Politique et Syndicalisme

La cellule Demeter veille sur les agriculteurs

Le ministre de l’Intérieur, Christophe Castaner, a signé avec les JA et la FNSEA un dispositif qui vise à mieux protéger les agriculteurs face aux intrusions ou aux vols.

Les agriculteurs qui s’attendaient à entendre un discours de fermeté vis-à-vis des intrusions dans les élevages et de la part du ministre de l’Intérieur Christophe Castaner, en visite dans le Finistère vendredi dernier, ont été servis.

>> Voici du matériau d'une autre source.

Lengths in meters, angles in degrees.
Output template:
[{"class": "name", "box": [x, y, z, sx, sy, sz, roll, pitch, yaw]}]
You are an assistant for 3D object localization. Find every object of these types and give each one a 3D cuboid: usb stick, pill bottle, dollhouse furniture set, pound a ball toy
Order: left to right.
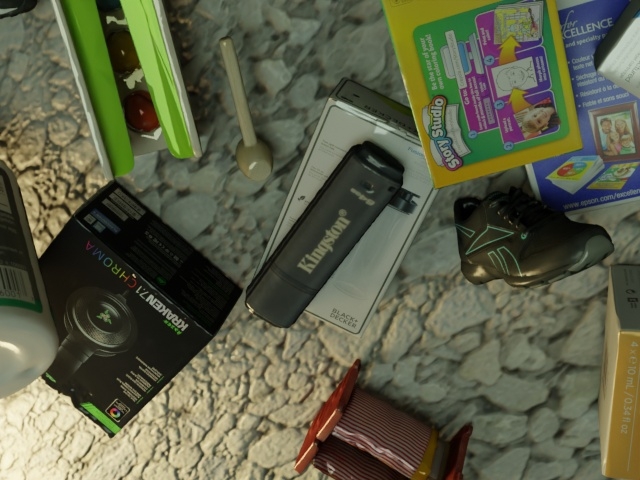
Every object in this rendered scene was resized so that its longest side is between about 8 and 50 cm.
[{"class": "pill bottle", "box": [-0.468, 0.011, 1.158, 0.204, 0.361, 0.204, -18, 148, -11]}, {"class": "pound a ball toy", "box": [-0.196, -0.215, 1.131, 0.208, 0.136, 0.319, -16, 113, -6]}, {"class": "usb stick", "box": [0.000, 0.000, 1.113, 0.077, 0.045, 0.278, 36, 119, -3]}, {"class": "dollhouse furniture set", "box": [0.059, 0.360, 1.193, 0.201, 0.374, 0.152, 29, 124, -3]}]

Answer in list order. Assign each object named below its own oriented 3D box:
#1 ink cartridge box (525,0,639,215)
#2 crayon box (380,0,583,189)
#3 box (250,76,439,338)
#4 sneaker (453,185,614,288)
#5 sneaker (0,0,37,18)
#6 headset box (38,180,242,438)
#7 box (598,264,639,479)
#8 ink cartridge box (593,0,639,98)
[{"class": "ink cartridge box", "box": [0.358, -0.196, 1.014, 0.303, 0.072, 0.307, -12, 110, 21]}, {"class": "crayon box", "box": [0.159, -0.203, 0.941, 0.165, 0.081, 0.278, -15, 121, 9]}, {"class": "box", "box": [0.042, -0.037, 1.161, 0.169, 0.087, 0.290, 24, 120, 2]}, {"class": "sneaker", "box": [0.227, -0.006, 1.057, 0.101, 0.267, 0.106, -22, 96, -22]}, {"class": "sneaker", "box": [-0.483, -0.347, 1.141, 0.271, 0.100, 0.108, 21, 114, 4]}, {"class": "headset box", "box": [-0.299, 0.105, 1.296, 0.246, 0.131, 0.283, 42, 119, -7]}, {"class": "box", "box": [0.518, 0.166, 1.090, 0.345, 0.168, 0.215, 2, 116, 13]}, {"class": "ink cartridge box", "box": [0.397, -0.188, 0.923, 0.191, 0.082, 0.139, 31, 120, -1]}]
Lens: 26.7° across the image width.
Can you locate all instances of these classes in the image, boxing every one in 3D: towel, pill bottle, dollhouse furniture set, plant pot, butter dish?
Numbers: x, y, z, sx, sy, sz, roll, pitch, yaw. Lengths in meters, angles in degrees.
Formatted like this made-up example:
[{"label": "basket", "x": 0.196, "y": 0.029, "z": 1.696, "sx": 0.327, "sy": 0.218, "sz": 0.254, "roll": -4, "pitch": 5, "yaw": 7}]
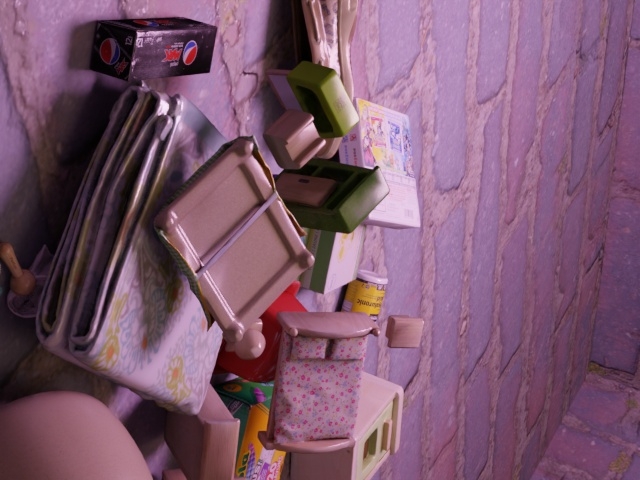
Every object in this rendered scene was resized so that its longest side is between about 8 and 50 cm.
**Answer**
[{"label": "towel", "x": -0.187, "y": 0.019, "z": 1.585, "sx": 0.374, "sy": 0.090, "sz": 0.320, "roll": 47, "pitch": 59, "yaw": -66}, {"label": "pill bottle", "x": 0.070, "y": 0.111, "z": 2.299, "sx": 0.065, "sy": 0.065, "sz": 0.116, "roll": -4, "pitch": 111, "yaw": -65}, {"label": "dollhouse furniture set", "x": -0.019, "y": 0.269, "z": 1.840, "sx": 0.356, "sy": 0.174, "sz": 0.303, "roll": 0, "pitch": 110, "yaw": -22}, {"label": "plant pot", "x": -0.276, "y": 0.329, "z": 1.440, "sx": 0.284, "sy": 0.191, "sz": 0.284, "roll": -28, "pitch": 135, "yaw": -32}, {"label": "dollhouse furniture set", "x": -0.090, "y": -0.050, "z": 1.583, "sx": 0.301, "sy": 0.151, "sz": 0.197, "roll": -46, "pitch": 126, "yaw": -26}, {"label": "butter dish", "x": -0.065, "y": 0.148, "z": 1.935, "sx": 0.160, "sy": 0.118, "sz": 0.160, "roll": -59, "pitch": 158, "yaw": 12}]

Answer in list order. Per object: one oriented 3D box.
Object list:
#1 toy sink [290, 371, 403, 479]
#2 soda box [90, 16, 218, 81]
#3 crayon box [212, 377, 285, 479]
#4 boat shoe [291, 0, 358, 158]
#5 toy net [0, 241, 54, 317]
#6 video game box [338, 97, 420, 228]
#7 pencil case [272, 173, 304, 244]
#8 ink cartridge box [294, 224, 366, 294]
[{"label": "toy sink", "x": 0.061, "y": 0.319, "z": 2.353, "sx": 0.234, "sy": 0.131, "sz": 0.152, "roll": -43, "pitch": 145, "yaw": -49}, {"label": "soda box", "x": -0.184, "y": -0.215, "z": 1.509, "sx": 0.169, "sy": 0.053, "sz": 0.060, "roll": -19, "pitch": 125, "yaw": -61}, {"label": "crayon box", "x": -0.128, "y": 0.344, "z": 2.017, "sx": 0.165, "sy": 0.081, "sz": 0.278, "roll": -11, "pitch": 118, "yaw": -64}, {"label": "boat shoe", "x": -0.010, "y": -0.248, "z": 1.836, "sx": 0.089, "sy": 0.104, "sz": 0.285, "roll": -7, "pitch": 114, "yaw": -23}, {"label": "toy net", "x": -0.329, "y": 0.062, "z": 1.406, "sx": 0.232, "sy": 0.045, "sz": 0.122, "roll": 4, "pitch": 103, "yaw": -66}, {"label": "video game box", "x": 0.090, "y": -0.116, "z": 2.102, "sx": 0.205, "sy": 0.048, "sz": 0.187, "roll": 8, "pitch": 77, "yaw": -64}, {"label": "pencil case", "x": -0.060, "y": -0.021, "z": 1.914, "sx": 0.064, "sy": 0.070, "sz": 0.151, "roll": -96, "pitch": -179, "yaw": -49}, {"label": "ink cartridge box", "x": 0.000, "y": 0.000, "z": 2.079, "sx": 0.235, "sy": 0.056, "sz": 0.171, "roll": -25, "pitch": 130, "yaw": -62}]
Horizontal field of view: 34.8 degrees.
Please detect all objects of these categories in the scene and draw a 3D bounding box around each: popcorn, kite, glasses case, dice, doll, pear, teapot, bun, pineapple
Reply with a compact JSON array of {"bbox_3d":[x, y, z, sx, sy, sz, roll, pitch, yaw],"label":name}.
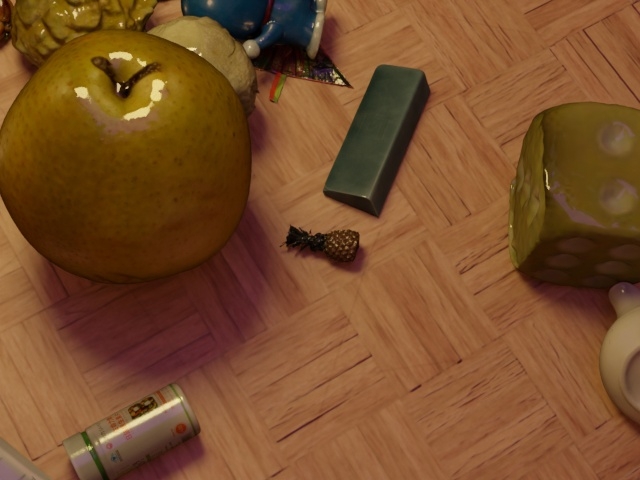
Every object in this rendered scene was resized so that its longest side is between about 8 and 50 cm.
[{"bbox_3d":[-0.386,-0.379,1.674,0.225,0.249,0.249,16,64,-32],"label":"popcorn"},{"bbox_3d":[-0.052,-0.319,1.786,0.241,0.014,0.183,16,68,-2],"label":"kite"},{"bbox_3d":[0.100,-0.179,1.725,0.105,0.056,0.266,22,67,2],"label":"glasses case"},{"bbox_3d":[0.431,-0.066,1.620,0.226,0.238,0.233,9,68,-2],"label":"dice"},{"bbox_3d":[-0.111,-0.396,1.740,0.256,0.161,0.215,16,49,-11],"label":"doll"},{"bbox_3d":[-0.274,-0.110,1.461,0.362,0.418,0.363,1,64,-2],"label":"pear"},{"bbox_3d":[0.542,0.200,1.572,0.204,0.139,0.298,-34,90,24],"label":"teapot"},{"bbox_3d":[-0.194,-0.278,1.646,0.220,0.220,0.134,21,70,2],"label":"bun"},{"bbox_3d":[0.000,0.000,1.646,0.124,0.058,0.058,12,67,5],"label":"pineapple"}]

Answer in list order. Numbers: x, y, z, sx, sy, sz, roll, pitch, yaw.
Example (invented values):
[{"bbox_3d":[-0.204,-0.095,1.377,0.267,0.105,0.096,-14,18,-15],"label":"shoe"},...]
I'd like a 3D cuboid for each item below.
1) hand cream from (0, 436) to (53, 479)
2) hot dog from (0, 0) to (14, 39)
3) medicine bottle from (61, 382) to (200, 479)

« Les forces de l’ordre sont à vos côtés et sont déterminées à vous protéger, pour frapper fort et juste  », a-t-on pu entendre de la bouche du locataire de la place Beauvau. Lors de cette visite, le ministre a signé avec la FNSEA, les Jeunes Agriculteurs et les services de gendarmerie, le dispositif Demeter, cellule qui coordonne les forces de gendarmerie sur les territoires et durcit les sanctions en cas d’intrusion avérée dans les bâtiments d’élevage. En 2019, plus de 1 000 intrusions du fait de militants de la cause animaliste ont été recensées sur le territoire français. « Ce sont des actes révoltants. Derrière ce chiffre, il y a des femmes et des hommes, des familles ».

Par le biais de cette cellule protectrice agricole, l’objectif est de faire en sorte qu’« aucune de ces atteintes ne soit impunie ». Dès en amont, avec les services du renseignement, au moment des faits, lors d’interventions et dans l’instruction judiciaire, tous les services de protection de l’État se mettront en marche. Des mesures de prévention, de protection et d’intervention au plus près du territoire sont prévues. Elles seron complétées par un travail de concert avec les observatoires départementaux, ainsi qu’une circulaire visant à lutter contre l’agribashing qui « dénonce sans savoir », selon Christophe Castaner.

Sur le Finistère, 12 éleveurs ont constaté des intrusions dans leurs locaux. « Les agriculteurs ne savent plus quoi faire, ils sont désemparés », observe un gendarme qui intervient lors d’assemblées générales de groupements de producteurs, pour éviter que « les victimes ne deviennent des auteurs ». Chez un agriculteur victime d’une intrusion, la règle est de prendre le maximum de renseignements sur ses agresseurs, mais de ne pas intervenir.

« Nos lois sont strictes et fermes, c’est à l’État seul de les faire appliquer. On n’a pas le droit d’imposer ses propres choix », a insisté le ministre dans un discours destiné aux associations antispécistes, tout en saluant le travail et l’engagement du monde agricole pour le bien-être animal. Les images tournées en élevage « sont bien souvent des détournements, qui ne reflètent pas la réalité ».